A key question these days should not be "is design important for business?" but "Is strategic design thinking embedded in our business culture or at least growing in importance?". At least ten years ago I was learning how to improve the packaging design process, using real projects to demonstrate our improvements and how they enabled better pack designs from all four viewpoints: Design for Consumer, Manufacture, Competitiveness and business Sustainability. We did not have an explicit way of communicating these four excellences but we tried to influence their outcomes whenever possible. This meant taking a creative view of the new design technologies that were emerging into the marketplace.
When we looked at our supplier base we found that there were 23 different CAD systems, all based on different logic systems, all using different mathematical foundations and some were 2-dimensional, 21/2-d or 3-dimensional; some suppliers used 2-d descriptions in CAD to drive 3-dimensional CAM systems in order to create complex 3-d toolpaths required to machine the tools; others made 3-d solid models out of CIBATool, a sort of plastic wood substitute, to use on their copy millers. We had our own milling machine connected to the CADCAM system and we could machine pack models that became quality control models for some suppliers and the copy-model for others.
One bottle design was our first regional standardised shape.. but unfortunately bottles from the pilot mould made by the various suppliers varied considerably, enough to affect the packing line performance which was unacceptable.
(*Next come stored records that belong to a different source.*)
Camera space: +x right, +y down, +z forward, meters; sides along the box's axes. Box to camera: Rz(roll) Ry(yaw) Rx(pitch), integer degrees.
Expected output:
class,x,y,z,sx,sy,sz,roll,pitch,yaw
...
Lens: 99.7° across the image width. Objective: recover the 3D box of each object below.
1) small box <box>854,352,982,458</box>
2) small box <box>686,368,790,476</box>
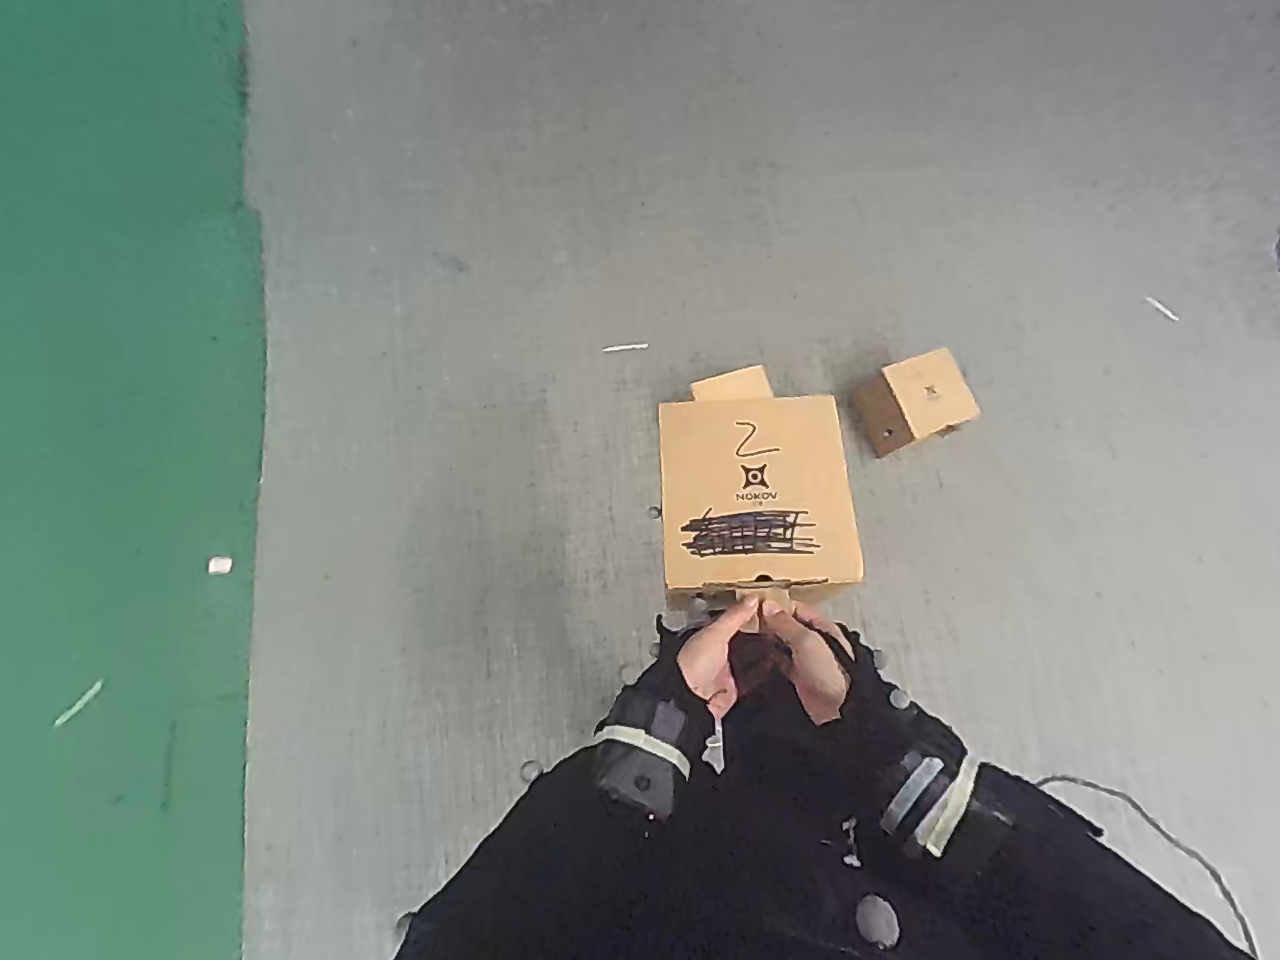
class,x,y,z,sx,sy,sz,roll,pitch,yaw
small box,0.629,-0.163,1.247,0.168,0.176,0.179,-19,78,-8
small box,0.211,-0.125,1.221,0.168,0.176,0.179,-16,79,-6
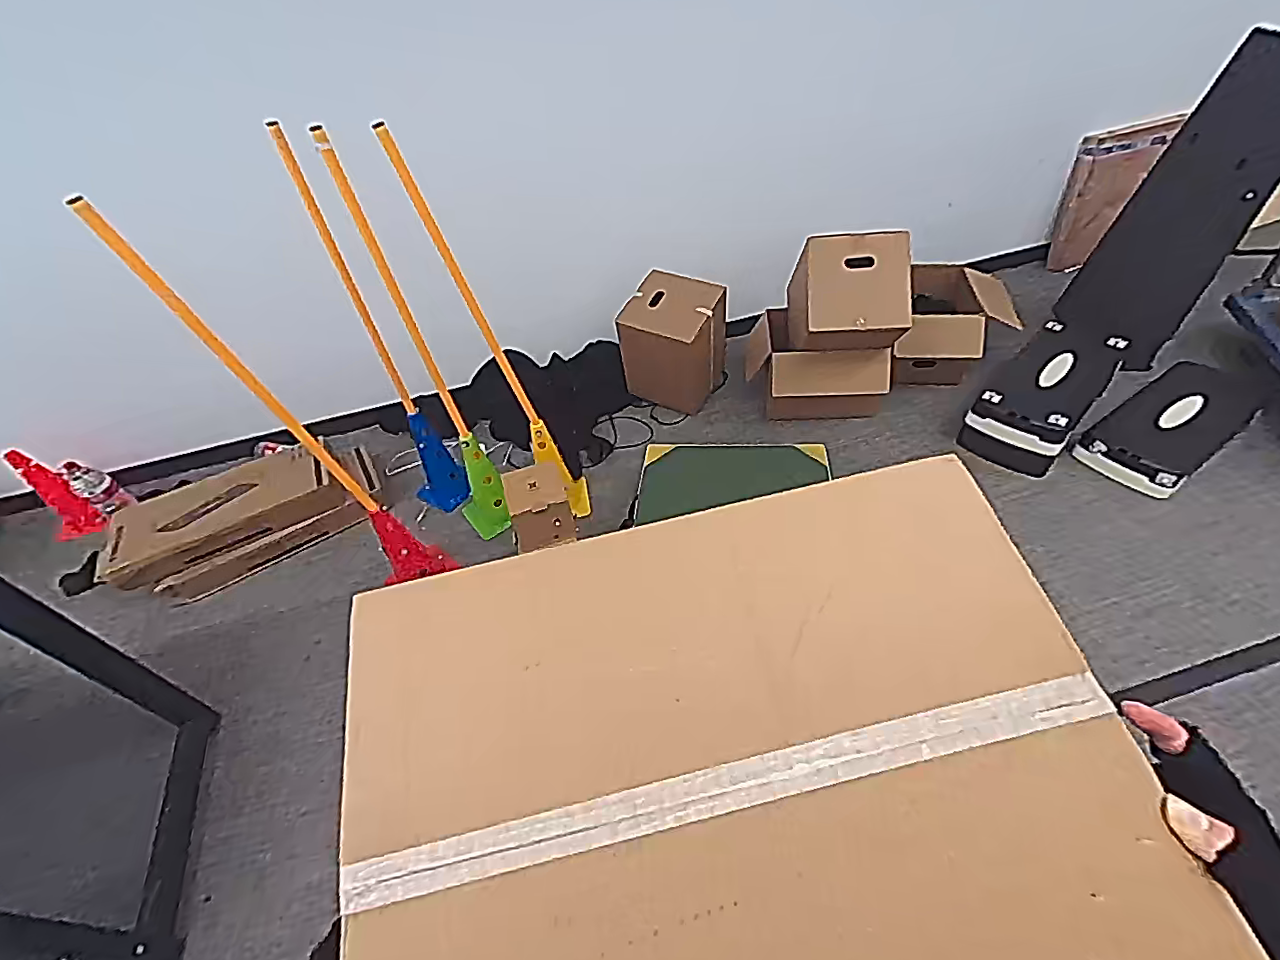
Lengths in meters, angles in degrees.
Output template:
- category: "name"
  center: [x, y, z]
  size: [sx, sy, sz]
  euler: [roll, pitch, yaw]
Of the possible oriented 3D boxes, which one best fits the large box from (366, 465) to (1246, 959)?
- category: "large box"
  center: [0.062, 0.237, 0.418]
  size: [0.408, 0.320, 0.320]
  euler: [-14, 61, -2]

It turned out that the conventional process for defining new packaging was breaking down. Consider the topline process
The basic process of designing that pack is very straightforward but when we consider the supplier base and the information flows between the parties involved we see a very different picture
These flows are not really observed by the players involved in the project as they are looking at their little piece; if we are using an innovation funnel process this interchange of information leads to an opaque view of the process
The real problem with this model of the process of creating packaging is that it does not give sufficient weight to the affective elements of the total package; the non-rational and emotional elements need to be made explicit (opportunities) and their interaction with the technologies and supply chains available or imagined (constraints). So maybe a cross-section through our funnel should be the Design Space and the funnel should become more like this
The start of the packaging project will now be an exploratory phase: "Exploring the What" which is a divergent activity, bringing any relevant useful information and knowledge into the Design Space. This is followed by a convergent "Deciding the What" phase where the team sifts through the "stuff", clustering and looking for emergent routes that might be fruitful in achieving the projects aims.
At this point some selections need to be made; the 8 Design Space factors can be used to create a filter that will quickly determine which routes are more promising and one or more can be selected for more detailed work
So the next exploratory phase on "How to deliver the What" will allow the team to widen their horizons; ignore constraints and discuss how they would tackle each What from the previous phase. Then comes the painful process of "Deciding the How", picking one or two routes to take forward into a detailed design phase. Painful? because this is the time that organisational culture can massively restrict the range of options the team is prepared to present for resource approval. It is here that more substantial, radical routes raise more questions than answers relative to the incremental ones, so may not seem as attractive. It is at this point that the gatekeeping meetings that look at all the projects seem threatening because the gatekeepers will ask their set of questions and hearing the answers, decide which ones to back. More substantial and radical ideas will get a rough ride, so why bother? In fact what is needed is a better way of feeding the funnnel so that more innovative projects can be protected longer and are resourced in a different way......? Maybe a different set of questions need to be asked.